5. How can AI-powered retinal diagnostics help address India’s growing burden of diabetes and cardiovascular diseases?

Traditional screening approaches typically evaluate one disease, one organ or one biomarker at a time. In contrast, advances in retinal imaging, combined with artificial intelligence, are transforming the eye into a powerful gateway for understanding overall health. A single, non-invasive retinal scan can now provide insights across multiple disease areas, enabling earlier detection, broader risk assessment and more scalable preventive care. When coupled with telecare platforms that facilitate seamless screening workflows, these capabilities can be extended even to remote and underserved communities, making quality healthcare more accessible than ever before.
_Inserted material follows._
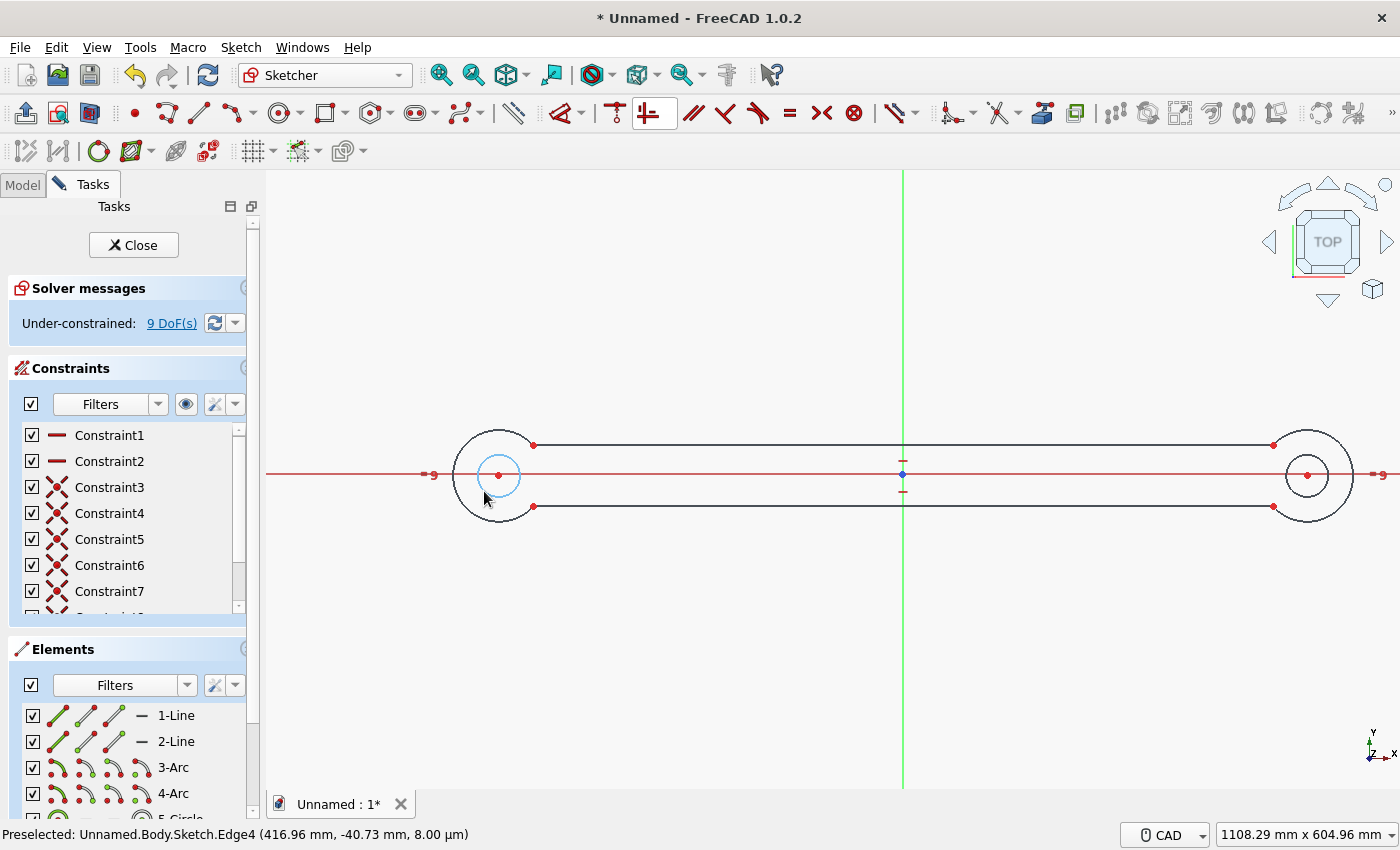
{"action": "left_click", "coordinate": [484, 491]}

AI-powered retinal diagnostics in diabetes has enabled rapid, accurate and scalable detection of retinal changes from fundus photographs and OCT scans. AI algorithms can identify the earliest signs of Diabetic Retinopathy, facilitating timely referral and treatment before vision loss occurs. Beyond screening, AI is increasingly being used to assess disease severity, predict progression and monitor response to therapy. Recent advances in Oculomics suggest that retinal images may also reveal insights into systemic diabetic complications, including cardiovascular disease, kidney dysfunction & metabolic control. With evolving algorithms and multimodal imaging, AI-powered retinal diagnostics are poised to become a cornerstone of diabetes management, transforming the retina from a target organ of diabetic damage into a valuable biomarker for overall systemic health.

The potential applications are vast and continue to expand. In the near future, a retinal health report may simultaneously assess eye health, estimate biological age, evaluate the risk of cardiovascular disease, stroke, kidney disease, neurodegenerative disorders and recommend appropriate follow-up investigations. Rather than simply identifying existing disease, it could provide an individualized health forecast that supports the broader vision of precision medicine.

For clinicians, this offers a more holistic view of patient health. For individuals, it provides actionable insights that can drive timely interventions and healthier outcomes. Viewed through this lens, retinal evaluation has the potential to become a routine component of whole-body health assessment, shifting healthcare from reactive treatment to proactive risk management, reducing the burden of disease detection and management on the system tremendously.